CORTE SUPREMA DE JUSTICIA

SALA DE CASACION PENAL

Magistrado Ponente

JOSÉ LEONIDAS BUSTOS MARTÍNEZ

Aprobado acta número 382

Bogotá, D.C., veintiséis de octubre de dos mil once.

Procede la Corte a resolver el recurso extraordinario de casación presentado por el defensor de María Concepción Ortiz Garay, en contra de la sentencia del Tribunal Superior de Bogotá que confirmó, con modificaciones, la proferida por el Juzgado 38 Penal del Circuito en virtud de la cual la condenó en su condición de autora de los delitos de peculado por apropiación y contrato sin cumplimiento de requisitos legales.

HECHOS

En las instancias los jueces los sintetizaron en los siguientes términos:

“El señor NELSON PEREIRA, Edil de la Localidad 18 RAFAEL URIBE URIBE, solicitó al Departamento Administrativo de Seguridad, se adelantara una investigación, por presuntas irregularidades cometidas en el proceso de contratación correspondiente al año 2000, haciendo especial referencia al contrato 098 de esa misma anualidad, por un valor de $58’000.000, suscrito por la Alcaldesa MARÍA CONCEPCIÓN ORTIZ GARAY como ordenadora del gasto y la contratista NUBIA HUERTAS MURCIA, cuyo objeto era la adquisición de unos juguetes para ser entregados en las festividades navideñas, entre los niños de la zona.”

ANTECEDENTES

Por los hechos referidos, la Fiscalía 201 de Delitos contra la Administración Pública y de Justicia, ordenó apertura de instrucción mediante resolución del 12 de septiembre de 2003[1], escuchó en indagatoria a las implicadas Nubia Huertas Murcia[2] y María Concepción Ortiz Garay[3], a quienes les resolvió la situación jurídica el 13 de febrero de 2004, absteniéndose de imponerles medida de aseguramiento de detención preventiva[4].

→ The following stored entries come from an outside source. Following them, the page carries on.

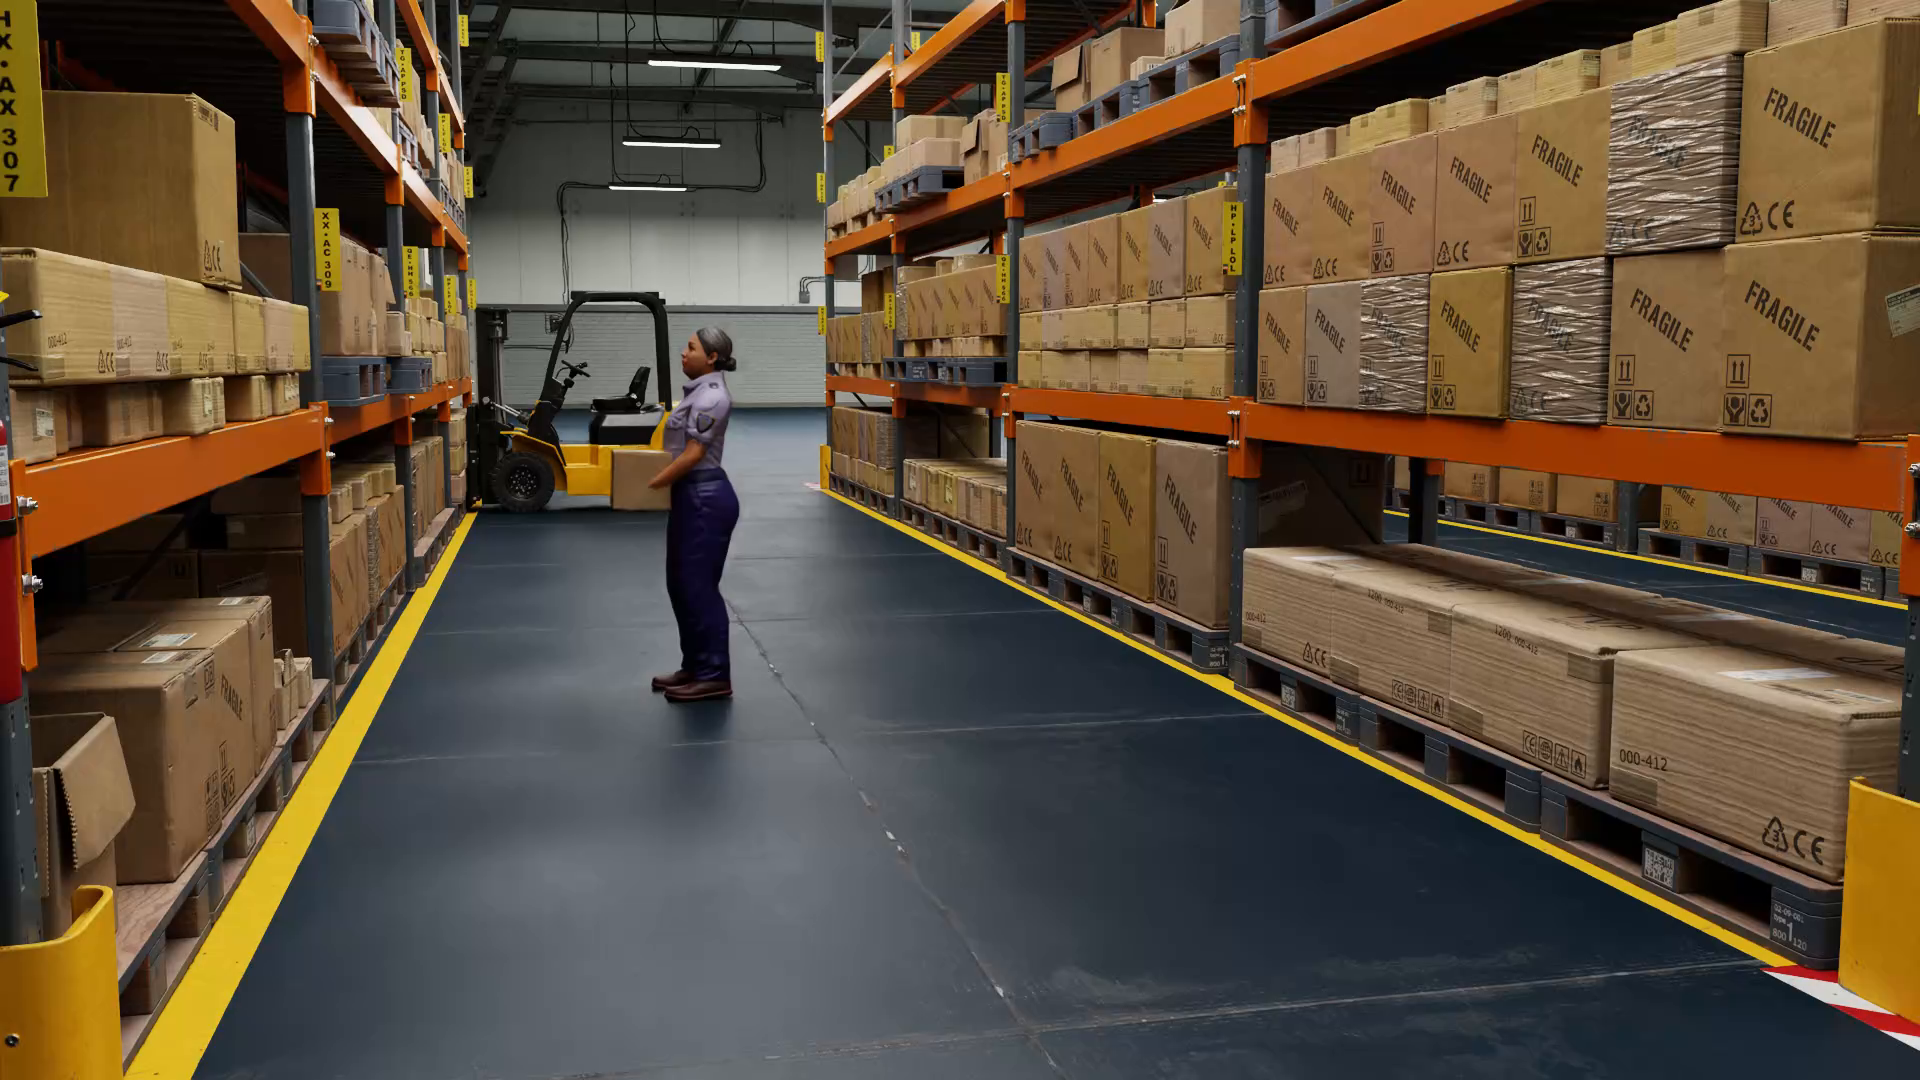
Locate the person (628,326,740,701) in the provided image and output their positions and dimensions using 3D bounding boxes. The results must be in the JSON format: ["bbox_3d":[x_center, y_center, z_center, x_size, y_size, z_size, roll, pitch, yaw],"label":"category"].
[{"bbox_3d":[-1.243,-0.123,7.423,0.511,1.636,0.455,-1,6,-12],"label":"person"}]
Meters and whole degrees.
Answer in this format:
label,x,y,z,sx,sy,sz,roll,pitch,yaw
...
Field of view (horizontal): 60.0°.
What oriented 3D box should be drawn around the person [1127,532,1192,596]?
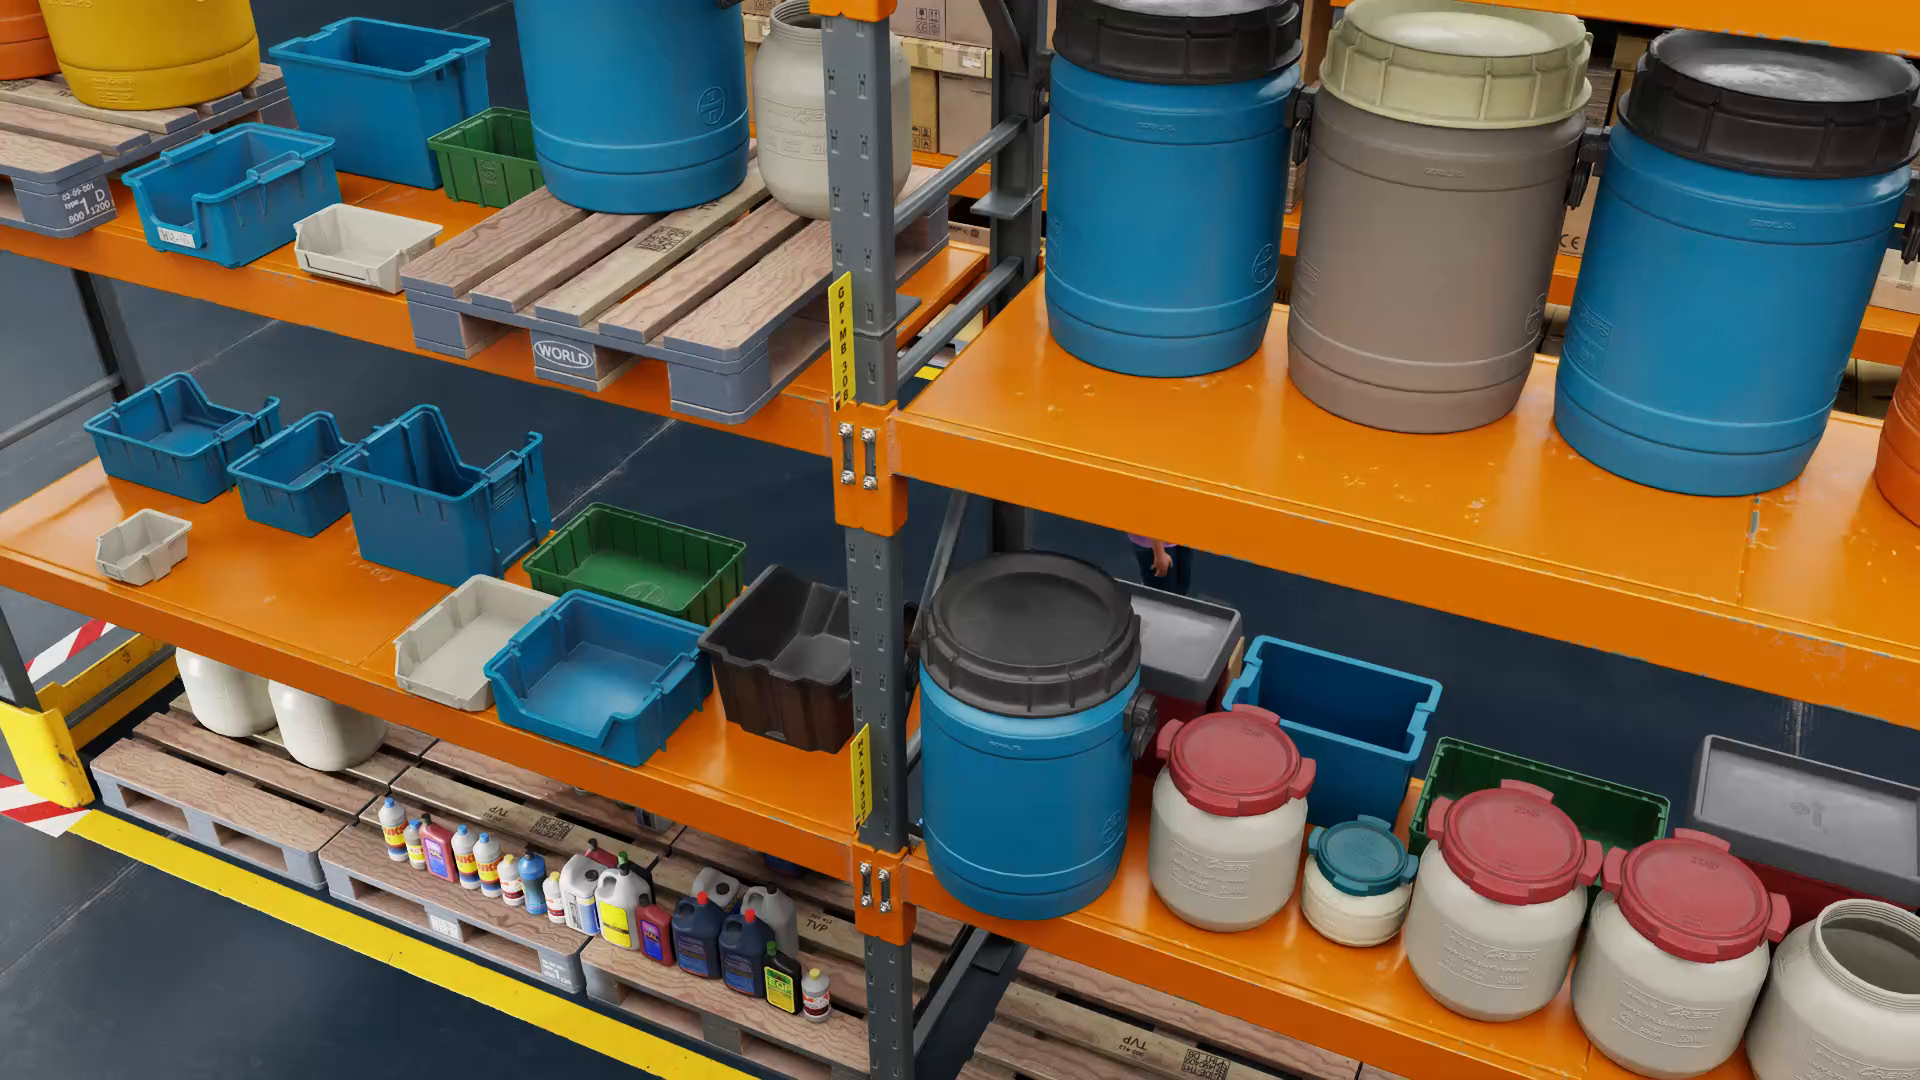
label,x,y,z,sx,sy,sz,roll,pitch,yaw
person,0.905,-0.030,7.196,0.350,1.593,0.468,14,37,20

Con proveído del 28 de abril de 2005 profirió resolución de acusación en contra de María Concepción Ortiz Garay, por los delitos de interés ilícito en la celebración de contratos y peculado por apropiación. Respecto de la contratista Nubia Huertas Murcia dictó preclusión de la investigación, por muerte de la sindicada ocurrida el 20 de febrero de 2004[5].

El Juzgado 38 Penal del Circuito de Bogotá, en sentencia del 31 de marzo de 2008, condenó a la procesada Ortiz Garay a la pena de 6 años 6 meses de prisión, multa equivalente a 81 salarios mínimos legales mensuales vigentes, e inhabilitación para el ejercicio de derechos y funciones públicas por un lapso igual al de la sanción privativa de la libertad. Además, le negó la suspensión condicional de la ejecución de la pena y el sustituto de la prisión domiciliaria.[6]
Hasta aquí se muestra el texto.